<<<<
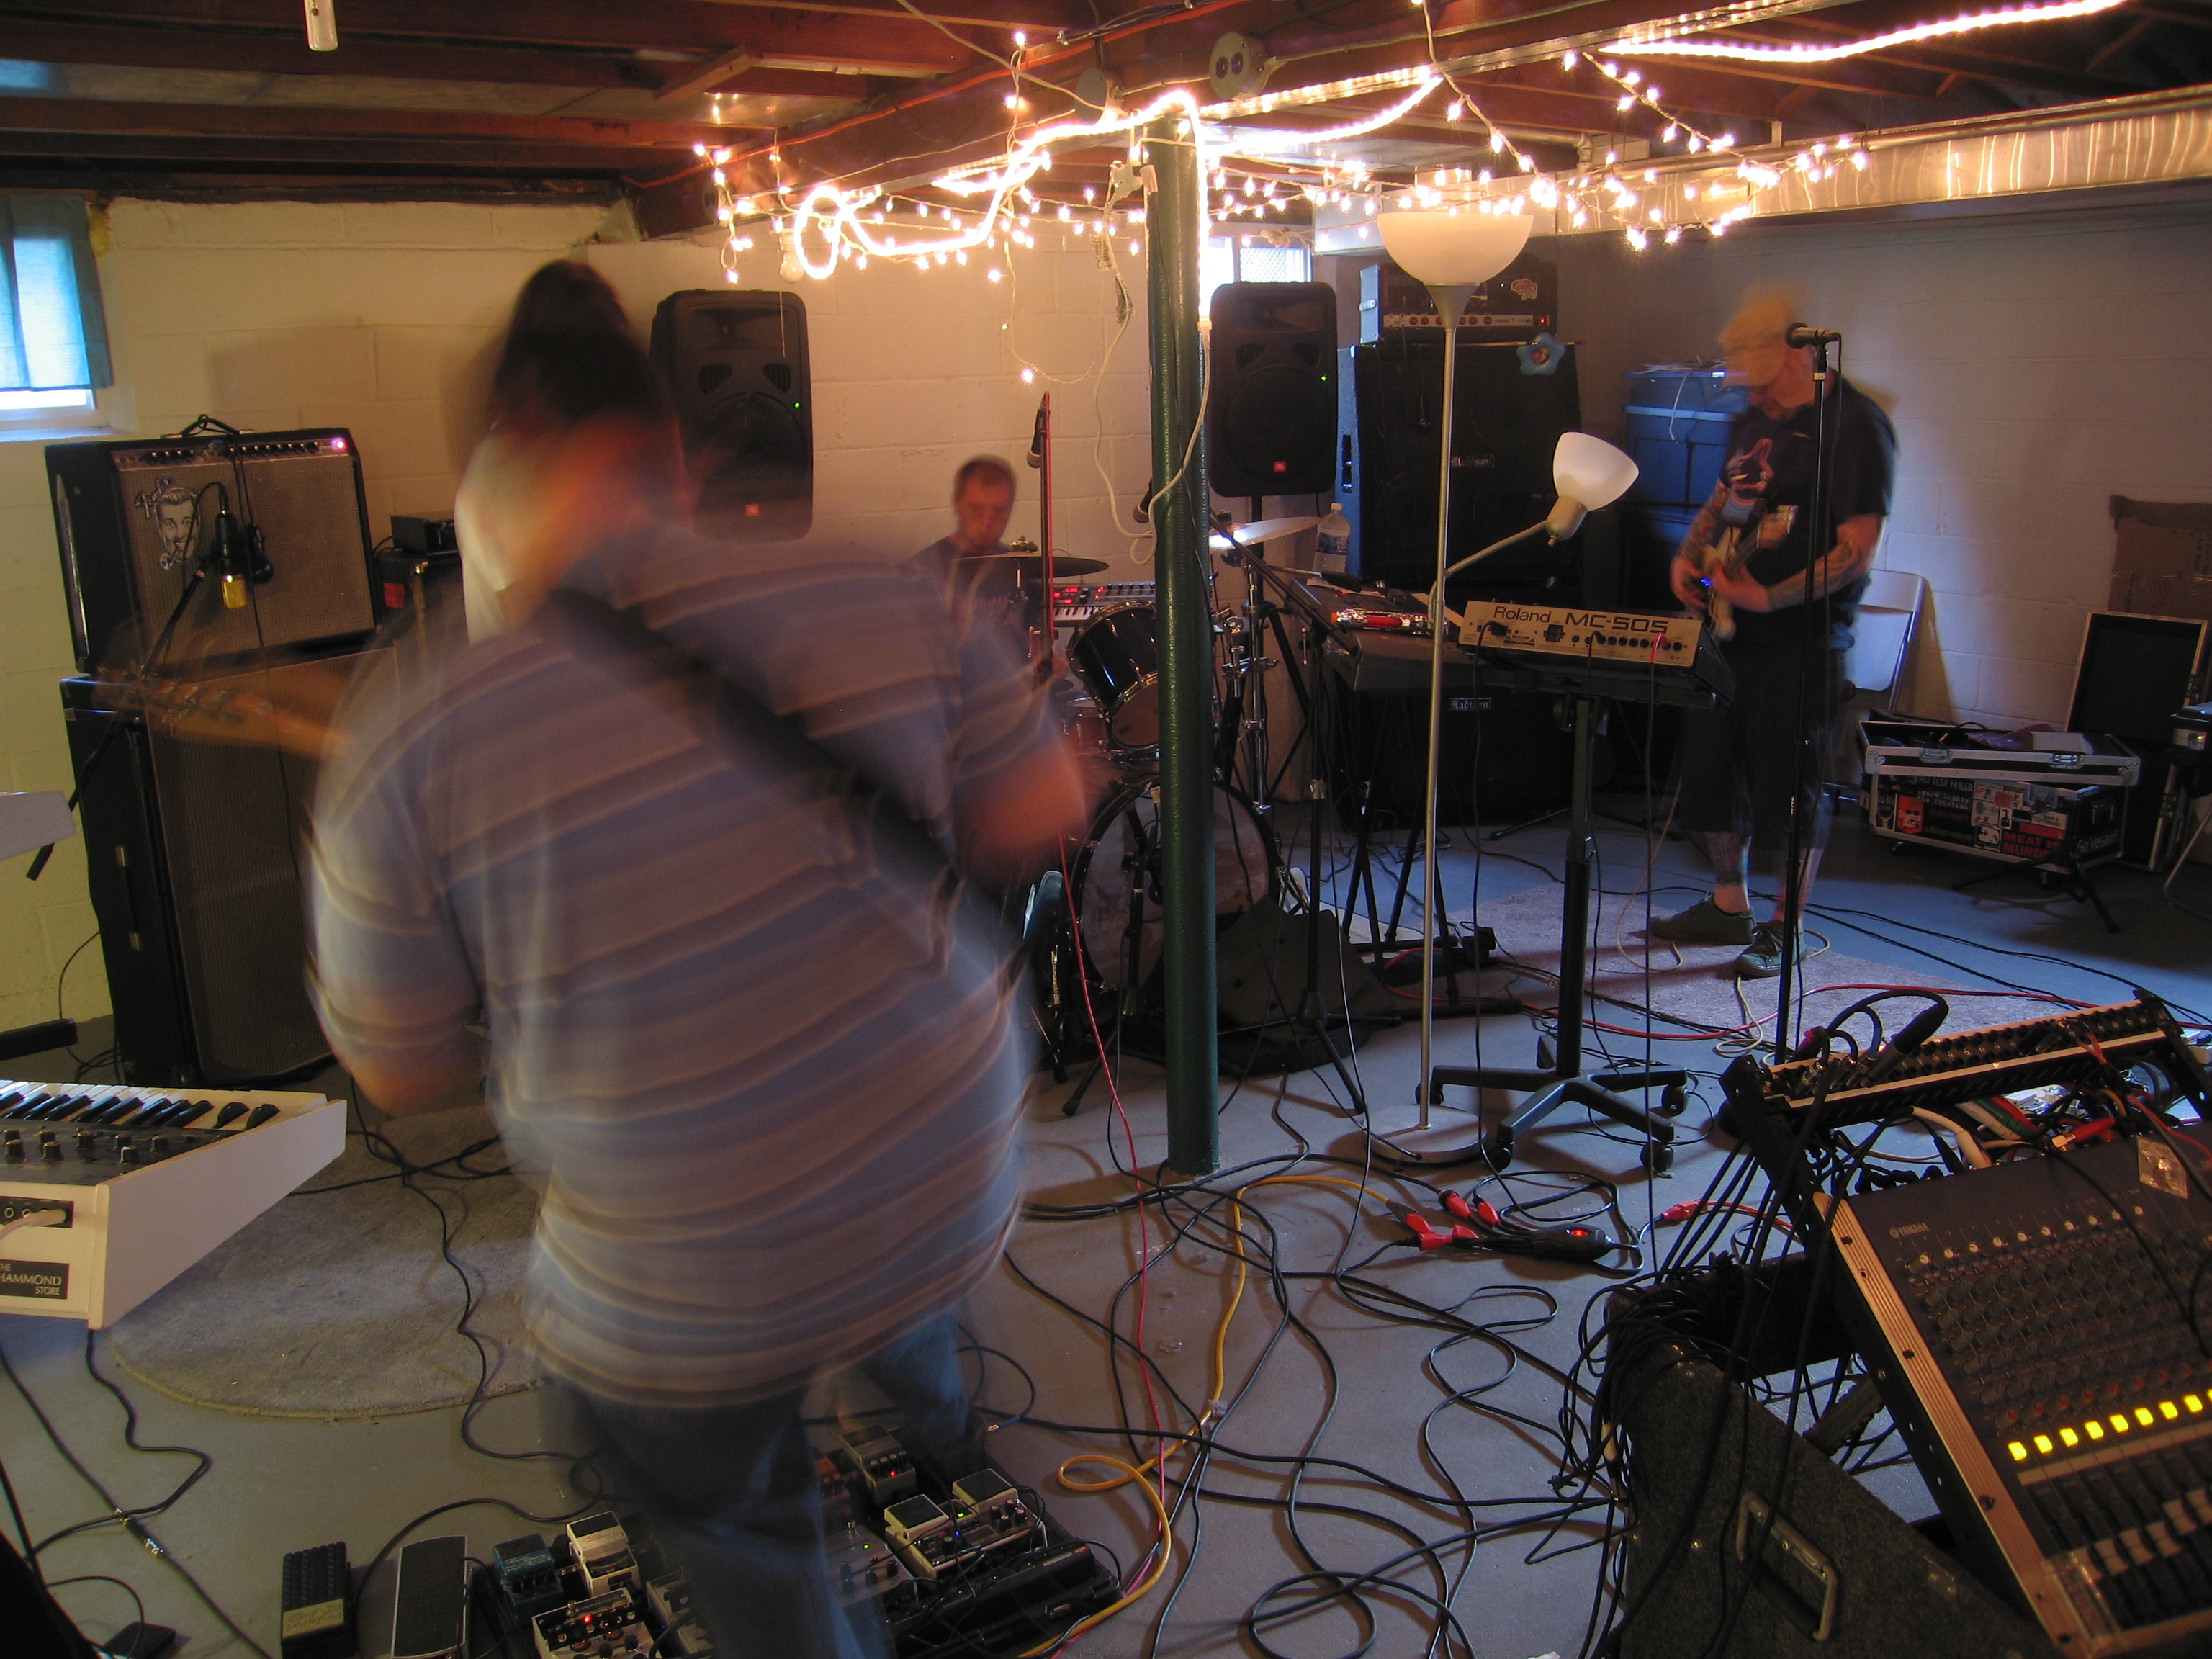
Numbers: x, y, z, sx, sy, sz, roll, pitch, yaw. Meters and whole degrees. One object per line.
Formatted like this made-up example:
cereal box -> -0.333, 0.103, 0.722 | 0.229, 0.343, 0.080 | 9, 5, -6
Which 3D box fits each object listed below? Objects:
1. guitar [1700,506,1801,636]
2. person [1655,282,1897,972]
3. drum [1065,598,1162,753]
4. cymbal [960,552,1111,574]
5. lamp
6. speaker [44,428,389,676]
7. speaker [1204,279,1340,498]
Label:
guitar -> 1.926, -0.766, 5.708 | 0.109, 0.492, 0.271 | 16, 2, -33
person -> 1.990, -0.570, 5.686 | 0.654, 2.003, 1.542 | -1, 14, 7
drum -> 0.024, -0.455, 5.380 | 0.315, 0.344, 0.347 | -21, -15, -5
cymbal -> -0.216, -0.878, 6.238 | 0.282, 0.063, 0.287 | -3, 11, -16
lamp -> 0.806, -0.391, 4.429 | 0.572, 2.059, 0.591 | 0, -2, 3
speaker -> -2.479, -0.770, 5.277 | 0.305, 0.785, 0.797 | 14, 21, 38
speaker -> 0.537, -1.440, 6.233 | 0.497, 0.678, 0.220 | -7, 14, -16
>>>>
**ASSIGNMENT**
Could you repeat all of the material exactly? Pictures should not be copied.

**ANSWER BELOW**
Numbers: x, y, z, sx, sy, sz, roll, pitch, yaw. Meters and whole degrees. One object per line.
Formatted like this made-up example:
cereal box -> -0.333, 0.103, 0.722 | 0.229, 0.343, 0.080 | 9, 5, -6
Which 3D box fits each object listed below? Objects:
1. guitar [1700,506,1801,636]
2. person [1655,282,1897,972]
3. drum [1065,598,1162,753]
4. cymbal [960,552,1111,574]
5. lamp
6. speaker [44,428,389,676]
7. speaker [1204,279,1340,498]
Label:
guitar -> 1.926, -0.766, 5.708 | 0.109, 0.492, 0.271 | 16, 2, -33
person -> 1.990, -0.570, 5.686 | 0.654, 2.003, 1.542 | -1, 14, 7
drum -> 0.024, -0.455, 5.380 | 0.315, 0.344, 0.347 | -21, -15, -5
cymbal -> -0.216, -0.878, 6.238 | 0.282, 0.063, 0.287 | -3, 11, -16
lamp -> 0.806, -0.391, 4.429 | 0.572, 2.059, 0.591 | 0, -2, 3
speaker -> -2.479, -0.770, 5.277 | 0.305, 0.785, 0.797 | 14, 21, 38
speaker -> 0.537, -1.440, 6.233 | 0.497, 0.678, 0.220 | -7, 14, -16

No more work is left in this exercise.